__TASK TO CARRY OUT__: Where a line of the records holds the string "pixels", copy that line.

__EXTRACTED INFORMATION__:

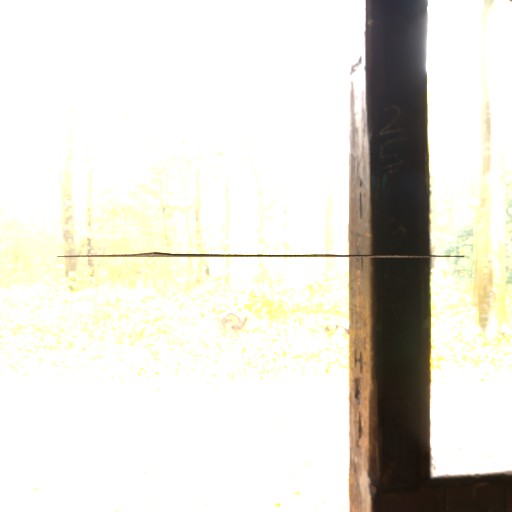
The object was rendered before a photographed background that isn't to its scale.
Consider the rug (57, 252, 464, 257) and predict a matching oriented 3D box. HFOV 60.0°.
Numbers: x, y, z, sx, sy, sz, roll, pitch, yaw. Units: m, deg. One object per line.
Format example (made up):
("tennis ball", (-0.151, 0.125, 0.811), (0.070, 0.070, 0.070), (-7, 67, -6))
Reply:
("rug", (0.000, 0.000, 4.232), (3.057, 0.021, 2.431), (0, 0, -36))
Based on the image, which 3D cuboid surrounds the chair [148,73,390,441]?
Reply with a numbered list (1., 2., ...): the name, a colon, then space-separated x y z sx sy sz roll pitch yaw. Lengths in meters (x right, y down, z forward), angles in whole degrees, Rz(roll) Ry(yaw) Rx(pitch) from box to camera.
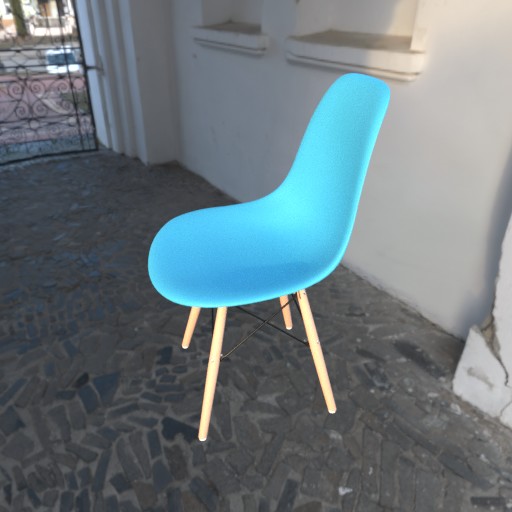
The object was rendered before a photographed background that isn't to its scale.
1. chair: 0.000 0.000 1.118 0.531 0.826 0.470 -8 31 -13
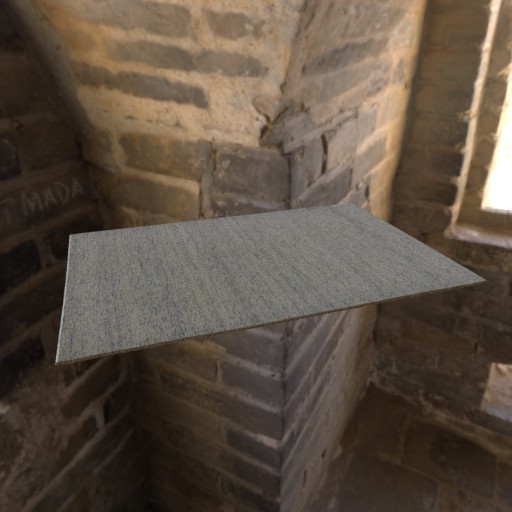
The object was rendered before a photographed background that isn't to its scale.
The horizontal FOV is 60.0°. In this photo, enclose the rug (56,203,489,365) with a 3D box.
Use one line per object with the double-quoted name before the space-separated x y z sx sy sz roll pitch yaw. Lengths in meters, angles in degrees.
"rug" 0.000 0.000 2.812 2.263 0.017 1.523 -8 26 -17
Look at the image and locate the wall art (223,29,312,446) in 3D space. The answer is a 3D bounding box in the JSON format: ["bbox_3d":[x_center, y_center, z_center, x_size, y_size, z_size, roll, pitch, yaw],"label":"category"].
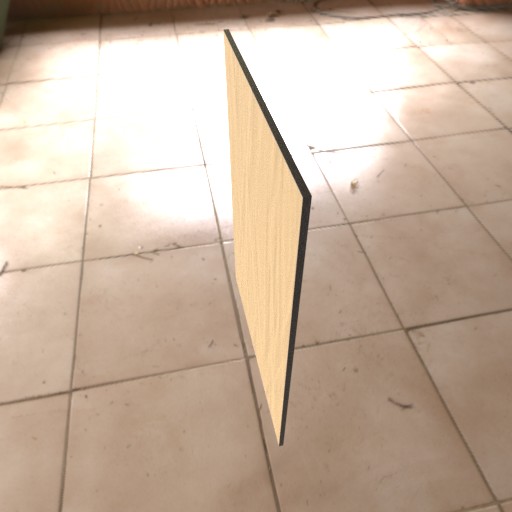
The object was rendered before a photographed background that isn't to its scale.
[{"bbox_3d":[0.000,0.000,1.441,0.016,1.116,0.810,-9,47,-9],"label":"wall art"}]
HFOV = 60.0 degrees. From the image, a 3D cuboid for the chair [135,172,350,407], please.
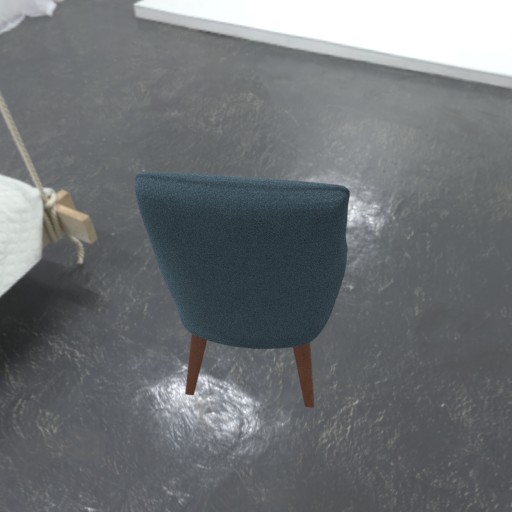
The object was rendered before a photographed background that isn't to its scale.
[{"bbox_3d":[0.000,0.000,1.263,0.500,0.930,0.620,5,47,4],"label":"chair"}]
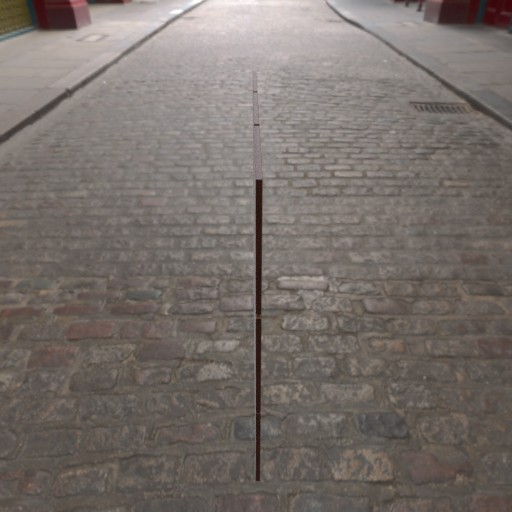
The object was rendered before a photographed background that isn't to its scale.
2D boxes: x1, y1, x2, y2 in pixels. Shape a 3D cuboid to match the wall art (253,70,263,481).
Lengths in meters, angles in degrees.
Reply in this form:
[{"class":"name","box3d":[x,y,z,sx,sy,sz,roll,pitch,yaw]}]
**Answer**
[{"class":"wall art","box3d":[0.000,0.000,1.885,0.017,1.246,1.256,0,33,-1]}]
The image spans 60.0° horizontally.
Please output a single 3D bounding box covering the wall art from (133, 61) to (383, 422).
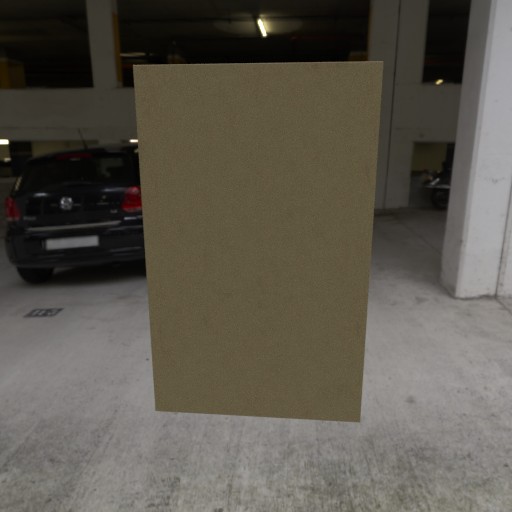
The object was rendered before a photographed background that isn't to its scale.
[{"bbox_3d":[0.000,0.000,1.009,0.510,0.810,0.039,1,15,5],"label":"wall art"}]
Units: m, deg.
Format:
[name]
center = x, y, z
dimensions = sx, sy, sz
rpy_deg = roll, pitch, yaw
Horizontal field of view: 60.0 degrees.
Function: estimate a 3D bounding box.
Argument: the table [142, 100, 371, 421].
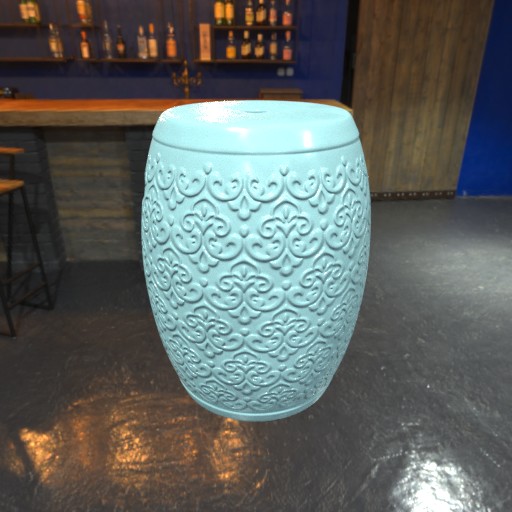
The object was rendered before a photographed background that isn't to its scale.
[table]
center = 0.000, 0.000, 0.628
dimensions = 0.309, 0.397, 0.309
rpy_deg = 0, 25, 0
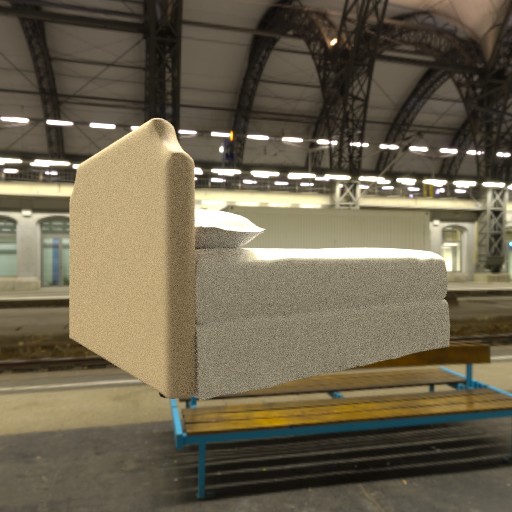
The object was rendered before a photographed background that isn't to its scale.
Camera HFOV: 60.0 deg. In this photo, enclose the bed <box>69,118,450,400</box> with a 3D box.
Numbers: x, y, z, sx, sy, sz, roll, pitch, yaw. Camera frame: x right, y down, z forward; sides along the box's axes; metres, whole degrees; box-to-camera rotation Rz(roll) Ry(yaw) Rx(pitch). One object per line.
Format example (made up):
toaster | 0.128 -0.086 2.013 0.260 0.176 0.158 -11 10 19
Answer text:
bed | 0.000 0.000 3.774 2.548 1.524 2.134 0 0 -36
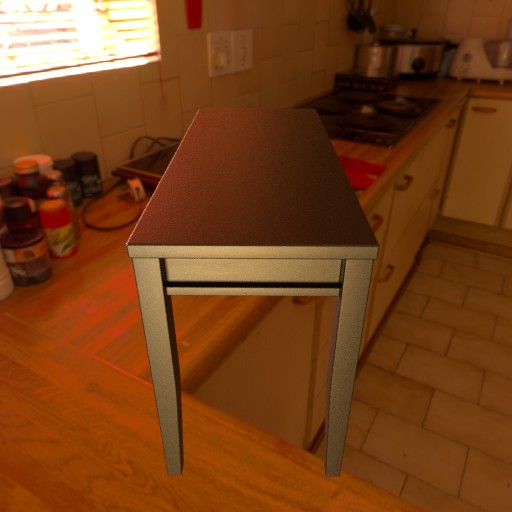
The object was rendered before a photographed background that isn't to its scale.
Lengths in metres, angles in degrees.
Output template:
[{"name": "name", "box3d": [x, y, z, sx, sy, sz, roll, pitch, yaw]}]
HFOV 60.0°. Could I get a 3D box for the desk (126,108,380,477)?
[{"name": "desk", "box3d": [0.000, 0.000, 1.605, 0.508, 0.775, 1.220, 0, 31, 1]}]
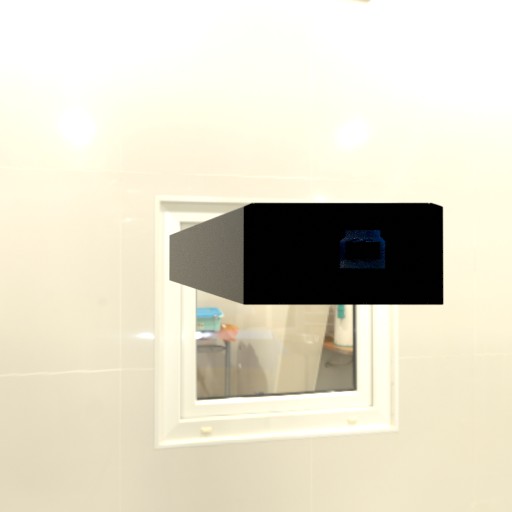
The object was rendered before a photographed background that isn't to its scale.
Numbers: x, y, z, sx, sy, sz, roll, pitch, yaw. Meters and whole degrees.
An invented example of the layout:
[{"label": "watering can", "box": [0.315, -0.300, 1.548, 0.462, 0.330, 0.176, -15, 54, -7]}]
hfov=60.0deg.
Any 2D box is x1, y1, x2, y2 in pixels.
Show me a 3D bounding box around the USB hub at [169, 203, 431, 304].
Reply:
[{"label": "USB hub", "box": [0.000, 0.000, 0.161, 0.044, 0.023, 0.145, 0, -1, -19]}]
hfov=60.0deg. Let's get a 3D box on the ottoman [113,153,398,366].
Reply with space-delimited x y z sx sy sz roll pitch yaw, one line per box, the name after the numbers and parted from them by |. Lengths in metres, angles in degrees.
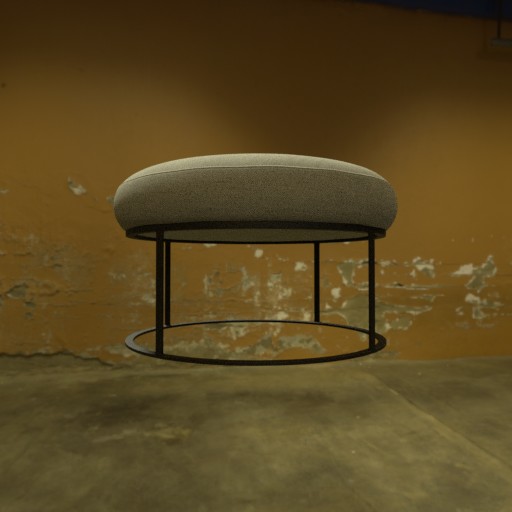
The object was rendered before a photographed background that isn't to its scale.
0.000 0.000 1.254 0.769 0.459 0.769 0 -1 0 | ottoman
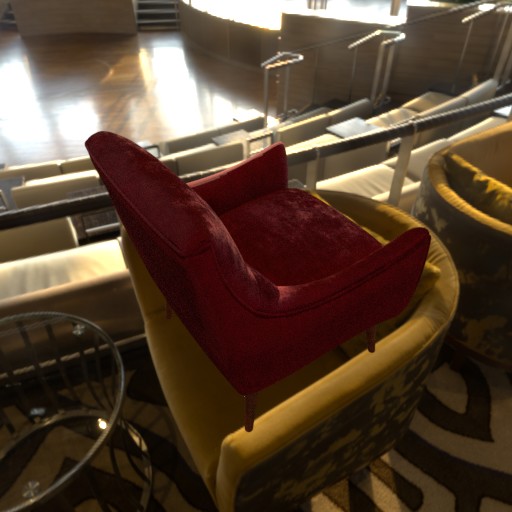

__EXPECTED OUTPUT__:
2D boxes: x1, y1, x2, y2 in pixels. Shape a 3D cuboid to match the wall art (253,70,263,481).
Any 2D box is x1, y1, x2, y2 in pixels.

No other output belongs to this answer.